Where and How should Senior Citizens Invest

Finding suitable investment options can be an uphill task for anyone, especially if you are a senior citizen. While the sunset years are another wonderful phase of life, it is crucial to recognize that financial planning around this time cannot be based on the same formula you were following earlier in life. As a result, choosing the investment options carefully becomes even more important. If you are unsure how and where to invest as a senior citizen, read on to know more:

What is the investment strategy that senior citizens should follow?

A senior citizen is a person who is above the age of 60 years.

Proper allocation of funds is one of the key concerns that should feature in the investment strategy for anyone above 60. Instead of going for long-term options, senior citizens are better off sticking to short and medium-term options. What is equally important is to steer clear of speculative options simply to test their luck. It is advisable to follow a conservative approach. This means that senior citizens should consider debt investment over equity.

Assessing the risk factor is extremely important when senior citizens consider their investment options. While no investment is entirely risk-free, it is better to opt for safer with slightly lesser returns than venturing into extremely high-risk options even though they may promise astronomical returns.

Moreover, the investment should begin a few years before you retire. Rather your investment strategy when you are still young should be oriented towards taking care of your needs once you retire. Here’s where it becomes important to consider what kind of a senior citizen you are. If you are going to receive a regular pension, then you have the liberty to add more mutual funds into your portfolio and enjoy the accumulated returns in your post-retirement life.

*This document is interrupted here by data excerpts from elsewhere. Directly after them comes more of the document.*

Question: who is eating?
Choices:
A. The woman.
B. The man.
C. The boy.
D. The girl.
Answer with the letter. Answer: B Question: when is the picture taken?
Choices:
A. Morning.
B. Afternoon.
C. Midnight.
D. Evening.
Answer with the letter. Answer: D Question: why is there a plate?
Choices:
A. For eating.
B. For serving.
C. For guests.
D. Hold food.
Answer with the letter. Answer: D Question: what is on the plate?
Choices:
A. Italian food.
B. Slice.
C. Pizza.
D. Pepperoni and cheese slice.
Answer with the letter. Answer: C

But if you are a self-employed individual or a salaried person who won’t receive a pension, you need to settle in on an investment plan through which you can earn a regular income once you retire.  You need to tweak your investment decisions accordingly and add the right options to your portfolio. Relying on an investment advisor is also a good idea if a senior citizen investor finds it overwhelming to manage multiple investments.

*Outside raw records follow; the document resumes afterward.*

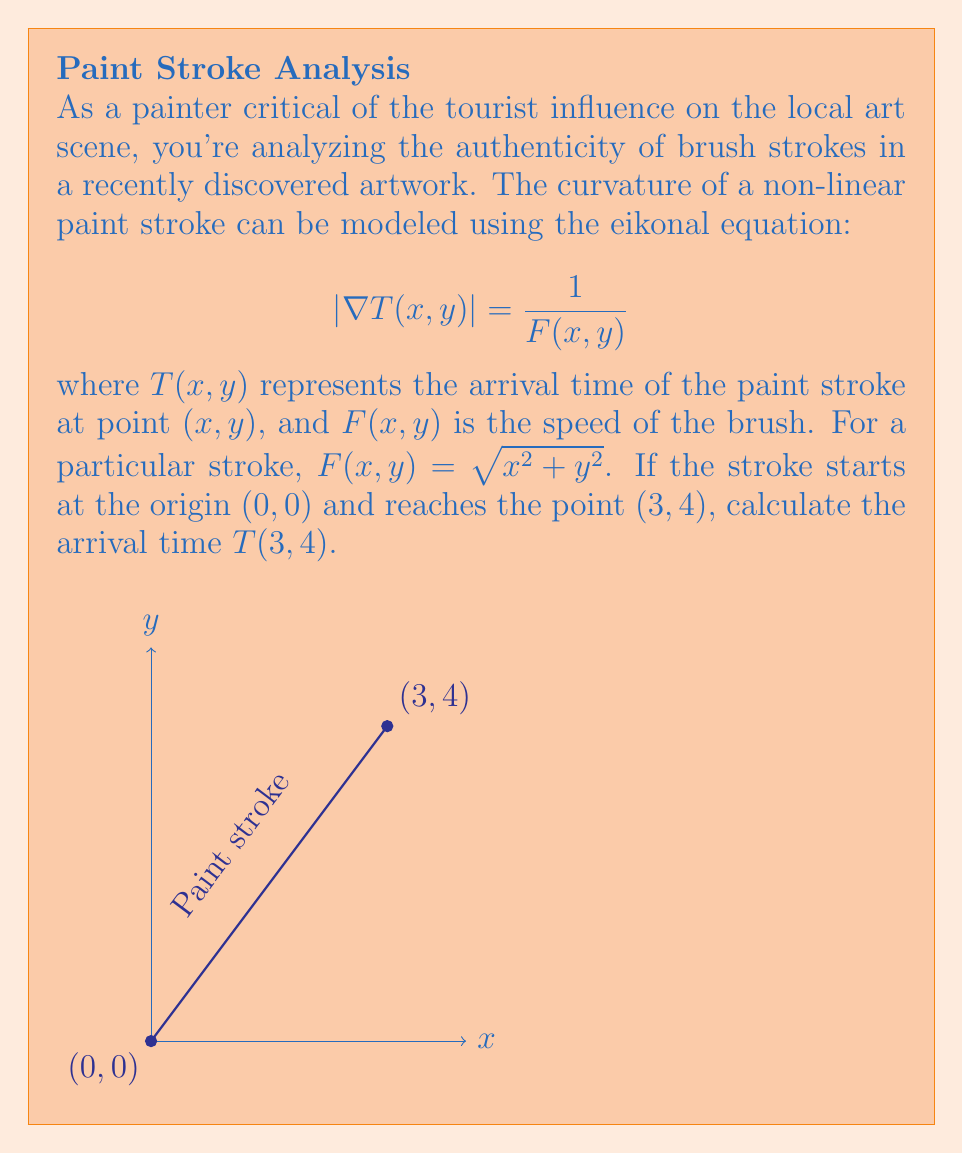Could you help me with this problem? Let's approach this step-by-step:

1) The eikonal equation for this problem is:

   $$|\nabla T(x,y)| = \frac{1}{\sqrt{x^2 + y^2}}$$

2) For a radially symmetric solution (which is reasonable given the form of $F(x,y)$), we can assume $T(x,y)$ is a function of $r = \sqrt{x^2 + y^2}$ only. Let's call this function $u(r)$.

3) In this case, $\nabla T = u'(r) \frac{\mathbf{r}}{r}$, so $|\nabla T| = |u'(r)|$.

4) Substituting into the eikonal equation:

   $$|u'(r)| = \frac{1}{r}$$

5) Assuming $u'(r)$ is positive (as time increases with distance), we can remove the absolute value signs:

   $$u'(r) = \frac{1}{r}$$

6) Integrating both sides:

   $$u(r) = \ln(r) + C$$

7) To determine $C$, we use the initial condition that $T(0,0) = 0$. However, $\ln(0)$ is undefined, so we need to be careful. We can interpret this as the limit as $r$ approaches 0:

   $$\lim_{r \to 0} (\ln(r) + C) = 0$$

   This implies $C = 0$.

8) Therefore, our solution is:

   $$T(x,y) = \ln(\sqrt{x^2 + y^2})$$

9) For the point (3,4):

   $$T(3,4) = \ln(\sqrt{3^2 + 4^2}) = \ln(5)$$
Answer: $\ln(5)$

Lastly, senior citizens need to be aware of the tax efficiency of their investments. As a retired investor, the focus should be on investing in assets that provide maximum tax benefits instead of those where the income is fully taxable at the hand of the investor.

What are the best investment options for senior citizens?

Let us look at some of the best investment options for senior citizens available at present:

Pradhan Mantri Vaya Vandana Yojana (PMVVY) scheme

This scheme is operated by the Life Insurance Corporation (LIC). It is regarded as a low-risk investment option, best suited for senior citizen investors who don’t have a huge risk appetite and can make a lump sum investment. LIC offers a 7.4% interest rate, and the term of the scheme is ten years. The minimum investment amount is INR 1.56 lakh, and the maximum amount is INR 15 lakh. The scheme is in operation till March 2023.

Depending on the amount invested, you can expect a pension between INR 1000 to INR 10,000 every month. You cannot avail of any tax deductions under Section 80C though the income is exempt from GST.

Senior Citizen Savings Scheme (SCSS)

SCSS is the perfect choice for a senior citizen who wants a long-term saving scheme that provides sufficient returns. The rate of interest is higher compared to what regular fixed deposits and savings account provides. You can also get tax benefits up to INR 1.5 lakhs under Section 80C. You can invest up to a maximum of INR 15 lakhs.

The maturity period is five years, and it is extendable by three years. Adding a nominee is a must opening the SCSS account. You can open the account in any scheduled commercial bank in India or at the Post Office.

National Pension Scheme

This is a voluntary retirement savings scheme that is open to anyone between the age of 18 to 65 years. Senior citizens have the option to extend their tenure up to 70 years. Investments in NPS are directed towards corporate bonds, government bonds, equity, and alternative assets.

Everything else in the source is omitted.